What is Woningwaardering?
Woningwaardering is a point system in which a dwelling is awarded points based on its properties and qualities. The maximum rent for a dwelling is directly related to the amount of points it is awarded.
Inspiration from Previous Work
Ed Donner fine-tuned a Llama-3.1–8B model to predict Amazon product prices based on their descriptions. This inspired the author to try to predict the points of a dwelling based on its description, instead of using the woningwaardering package.
Data Collection
At the social housing organisation Woonstad Rotterdam, there is a large dataset of information about 60,000 dwellings. Data quality checks were implemented to determine which dwellings have near-perfect quality data using the open-sourced pyspark-testframework package. Of the approximately 50,000 self-contained dwellings, around 25,000 have a near-perfect data quality.
Limitations of the Dataset
Even though the data quality of these 25,000 houses is very good, there are still limitations to the dataset. For example, there are some missing data points that could affect the accuracy of the predictions.
Conclusion
Large Language Models can be used for regression tasks, such as predicting the points of a dwelling based on its description. While there are limitations to the dataset, the use of these models can simplify the process of determining the maximum rent allowed for a dwelling. Further research and development are needed to improve the accuracy of these predictions.
FAQs
- What is woningwaardering?
Woningwaardering is a point system in which a dwelling is awarded points based on its properties and qualities. - What is the purpose of the woningwaardering package?

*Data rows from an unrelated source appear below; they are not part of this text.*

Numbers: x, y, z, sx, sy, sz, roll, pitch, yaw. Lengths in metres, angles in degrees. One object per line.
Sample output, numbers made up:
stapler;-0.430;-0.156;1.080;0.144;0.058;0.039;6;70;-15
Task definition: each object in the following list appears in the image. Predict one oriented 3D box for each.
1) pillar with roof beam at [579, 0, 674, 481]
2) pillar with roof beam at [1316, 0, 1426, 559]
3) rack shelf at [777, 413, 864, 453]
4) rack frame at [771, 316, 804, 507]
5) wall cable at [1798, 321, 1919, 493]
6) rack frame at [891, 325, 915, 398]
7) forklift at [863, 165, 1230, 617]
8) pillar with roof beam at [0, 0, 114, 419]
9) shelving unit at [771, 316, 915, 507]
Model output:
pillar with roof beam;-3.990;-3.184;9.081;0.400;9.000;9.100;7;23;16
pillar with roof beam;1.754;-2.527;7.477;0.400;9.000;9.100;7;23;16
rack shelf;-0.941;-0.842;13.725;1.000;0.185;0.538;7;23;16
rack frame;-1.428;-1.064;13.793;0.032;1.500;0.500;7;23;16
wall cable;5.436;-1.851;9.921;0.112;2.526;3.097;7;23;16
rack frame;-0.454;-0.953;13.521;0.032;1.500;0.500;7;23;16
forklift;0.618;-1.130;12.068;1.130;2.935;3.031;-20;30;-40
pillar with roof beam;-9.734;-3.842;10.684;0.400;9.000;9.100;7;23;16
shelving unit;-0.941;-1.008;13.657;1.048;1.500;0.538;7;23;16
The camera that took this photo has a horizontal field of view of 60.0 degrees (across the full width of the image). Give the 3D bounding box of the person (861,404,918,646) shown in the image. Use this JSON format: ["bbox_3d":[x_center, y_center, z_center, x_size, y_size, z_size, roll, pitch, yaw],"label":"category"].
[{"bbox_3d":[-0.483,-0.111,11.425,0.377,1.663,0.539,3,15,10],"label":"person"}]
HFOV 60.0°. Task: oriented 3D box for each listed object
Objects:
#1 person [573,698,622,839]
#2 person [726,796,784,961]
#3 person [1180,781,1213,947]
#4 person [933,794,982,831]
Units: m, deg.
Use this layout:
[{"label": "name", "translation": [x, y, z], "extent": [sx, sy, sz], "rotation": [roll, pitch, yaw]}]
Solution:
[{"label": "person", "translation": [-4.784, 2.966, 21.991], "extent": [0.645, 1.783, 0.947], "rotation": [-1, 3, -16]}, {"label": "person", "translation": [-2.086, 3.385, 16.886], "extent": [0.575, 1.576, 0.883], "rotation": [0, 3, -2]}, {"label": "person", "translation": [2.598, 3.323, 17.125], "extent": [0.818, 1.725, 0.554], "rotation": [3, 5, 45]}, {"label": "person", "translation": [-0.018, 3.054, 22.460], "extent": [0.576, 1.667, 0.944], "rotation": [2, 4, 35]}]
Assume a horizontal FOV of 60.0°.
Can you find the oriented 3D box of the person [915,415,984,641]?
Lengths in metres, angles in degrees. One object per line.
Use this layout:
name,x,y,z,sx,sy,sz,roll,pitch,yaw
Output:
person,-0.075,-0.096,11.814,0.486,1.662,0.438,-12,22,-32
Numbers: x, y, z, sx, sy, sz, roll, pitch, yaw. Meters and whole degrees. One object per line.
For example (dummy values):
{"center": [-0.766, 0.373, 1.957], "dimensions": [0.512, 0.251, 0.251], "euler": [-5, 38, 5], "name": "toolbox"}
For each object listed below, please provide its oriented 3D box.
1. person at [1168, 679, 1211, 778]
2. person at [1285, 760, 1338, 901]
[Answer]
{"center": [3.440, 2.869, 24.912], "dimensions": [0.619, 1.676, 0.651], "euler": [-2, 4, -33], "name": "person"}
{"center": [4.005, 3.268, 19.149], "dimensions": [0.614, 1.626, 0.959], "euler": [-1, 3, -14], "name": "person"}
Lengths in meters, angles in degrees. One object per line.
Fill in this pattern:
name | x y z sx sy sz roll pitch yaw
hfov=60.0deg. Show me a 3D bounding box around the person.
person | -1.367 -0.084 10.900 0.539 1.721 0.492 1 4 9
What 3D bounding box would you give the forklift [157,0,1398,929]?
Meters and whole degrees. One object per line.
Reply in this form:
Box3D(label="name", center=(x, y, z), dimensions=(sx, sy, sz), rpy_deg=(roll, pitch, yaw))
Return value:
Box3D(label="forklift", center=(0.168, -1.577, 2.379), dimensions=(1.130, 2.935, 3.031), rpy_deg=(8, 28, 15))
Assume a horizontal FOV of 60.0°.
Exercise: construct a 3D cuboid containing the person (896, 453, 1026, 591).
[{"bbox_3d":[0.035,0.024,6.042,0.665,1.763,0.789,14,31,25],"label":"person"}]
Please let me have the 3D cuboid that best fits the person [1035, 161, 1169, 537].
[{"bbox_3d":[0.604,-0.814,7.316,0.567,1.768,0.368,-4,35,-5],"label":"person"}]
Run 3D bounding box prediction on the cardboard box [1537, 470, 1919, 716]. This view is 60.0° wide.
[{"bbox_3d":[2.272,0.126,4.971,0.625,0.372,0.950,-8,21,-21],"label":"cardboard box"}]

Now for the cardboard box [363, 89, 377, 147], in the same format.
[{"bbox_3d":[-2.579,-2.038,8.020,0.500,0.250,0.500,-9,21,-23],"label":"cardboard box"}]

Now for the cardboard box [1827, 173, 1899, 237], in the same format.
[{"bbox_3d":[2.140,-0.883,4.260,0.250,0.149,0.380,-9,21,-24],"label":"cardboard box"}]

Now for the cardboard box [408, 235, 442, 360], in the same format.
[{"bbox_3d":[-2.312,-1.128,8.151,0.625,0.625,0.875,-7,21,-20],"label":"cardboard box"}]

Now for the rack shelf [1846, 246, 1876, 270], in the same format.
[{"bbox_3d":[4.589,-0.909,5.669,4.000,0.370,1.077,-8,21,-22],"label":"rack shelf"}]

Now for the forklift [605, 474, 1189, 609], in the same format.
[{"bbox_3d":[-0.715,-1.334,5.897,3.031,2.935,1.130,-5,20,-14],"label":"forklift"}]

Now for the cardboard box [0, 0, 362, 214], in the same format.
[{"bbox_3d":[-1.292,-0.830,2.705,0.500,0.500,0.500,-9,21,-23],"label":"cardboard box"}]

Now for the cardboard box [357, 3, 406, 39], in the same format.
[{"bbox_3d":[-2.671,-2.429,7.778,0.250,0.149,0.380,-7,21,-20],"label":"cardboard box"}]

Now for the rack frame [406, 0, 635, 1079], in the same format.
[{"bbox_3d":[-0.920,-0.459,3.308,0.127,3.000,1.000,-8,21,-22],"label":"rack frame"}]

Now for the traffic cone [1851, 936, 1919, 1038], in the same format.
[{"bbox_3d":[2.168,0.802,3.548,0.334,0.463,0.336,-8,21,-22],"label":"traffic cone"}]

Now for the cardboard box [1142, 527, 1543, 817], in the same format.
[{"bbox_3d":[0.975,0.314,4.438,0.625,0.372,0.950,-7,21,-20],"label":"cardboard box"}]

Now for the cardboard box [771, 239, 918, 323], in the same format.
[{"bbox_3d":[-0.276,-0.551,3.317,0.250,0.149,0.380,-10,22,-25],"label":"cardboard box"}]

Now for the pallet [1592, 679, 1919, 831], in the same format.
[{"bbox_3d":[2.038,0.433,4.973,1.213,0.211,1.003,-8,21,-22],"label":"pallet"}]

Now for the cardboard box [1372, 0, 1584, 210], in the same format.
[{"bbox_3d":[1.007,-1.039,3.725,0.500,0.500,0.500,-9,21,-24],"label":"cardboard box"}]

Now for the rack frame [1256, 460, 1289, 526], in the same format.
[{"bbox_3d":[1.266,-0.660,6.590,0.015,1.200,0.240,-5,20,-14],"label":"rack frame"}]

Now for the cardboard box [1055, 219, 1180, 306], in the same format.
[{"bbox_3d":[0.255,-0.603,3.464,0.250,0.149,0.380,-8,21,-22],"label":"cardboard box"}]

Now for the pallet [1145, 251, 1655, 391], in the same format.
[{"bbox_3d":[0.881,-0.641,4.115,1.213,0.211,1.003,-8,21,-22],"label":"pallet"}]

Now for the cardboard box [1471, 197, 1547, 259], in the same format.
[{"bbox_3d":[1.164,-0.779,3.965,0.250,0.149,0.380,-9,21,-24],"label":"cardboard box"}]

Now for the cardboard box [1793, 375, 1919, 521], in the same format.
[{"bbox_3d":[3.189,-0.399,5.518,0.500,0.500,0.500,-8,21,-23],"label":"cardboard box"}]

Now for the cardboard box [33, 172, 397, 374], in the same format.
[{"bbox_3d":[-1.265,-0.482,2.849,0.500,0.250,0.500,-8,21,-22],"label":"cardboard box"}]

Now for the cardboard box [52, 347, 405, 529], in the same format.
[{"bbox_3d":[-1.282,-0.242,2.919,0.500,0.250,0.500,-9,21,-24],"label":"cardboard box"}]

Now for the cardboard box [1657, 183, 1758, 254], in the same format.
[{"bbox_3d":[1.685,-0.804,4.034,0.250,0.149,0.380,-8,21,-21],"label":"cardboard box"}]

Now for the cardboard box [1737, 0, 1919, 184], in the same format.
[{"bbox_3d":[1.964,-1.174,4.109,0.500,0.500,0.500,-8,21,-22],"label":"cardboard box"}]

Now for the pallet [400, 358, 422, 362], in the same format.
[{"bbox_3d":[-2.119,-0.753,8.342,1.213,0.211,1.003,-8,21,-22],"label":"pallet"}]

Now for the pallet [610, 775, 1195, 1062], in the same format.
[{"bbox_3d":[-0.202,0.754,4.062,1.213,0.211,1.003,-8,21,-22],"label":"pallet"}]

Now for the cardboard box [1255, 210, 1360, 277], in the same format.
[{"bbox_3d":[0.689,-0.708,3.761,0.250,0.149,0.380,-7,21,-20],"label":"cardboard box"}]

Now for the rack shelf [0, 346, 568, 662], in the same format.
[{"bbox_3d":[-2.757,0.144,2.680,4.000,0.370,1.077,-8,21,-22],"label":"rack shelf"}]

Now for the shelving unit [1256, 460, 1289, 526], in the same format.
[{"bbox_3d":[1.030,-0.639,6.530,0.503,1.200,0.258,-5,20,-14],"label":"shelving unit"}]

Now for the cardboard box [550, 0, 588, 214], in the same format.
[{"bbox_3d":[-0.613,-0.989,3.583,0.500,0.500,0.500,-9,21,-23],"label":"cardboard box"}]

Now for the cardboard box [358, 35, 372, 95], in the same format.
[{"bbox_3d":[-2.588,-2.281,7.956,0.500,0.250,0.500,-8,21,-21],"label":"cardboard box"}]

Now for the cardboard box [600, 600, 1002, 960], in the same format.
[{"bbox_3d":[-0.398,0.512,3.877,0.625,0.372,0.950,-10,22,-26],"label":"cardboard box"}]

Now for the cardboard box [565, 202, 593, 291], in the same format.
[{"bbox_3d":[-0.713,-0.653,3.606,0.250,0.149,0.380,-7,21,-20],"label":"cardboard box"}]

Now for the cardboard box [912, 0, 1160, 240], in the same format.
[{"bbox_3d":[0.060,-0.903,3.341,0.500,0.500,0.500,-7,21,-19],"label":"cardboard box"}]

The woningwaardering package is used to calculate the amount of points a house is worth based on the rules that determine the maximum rent allowed for a dwelling. - How can Large Language Models be used for regression tasks?
Large Language Models can be used to predict the points of a dwelling based on its description, instead of using the woningwaardering package. - What are the limitations of the dataset used in this study?
The dataset has some missing data points that could affect the accuracy of the predictions.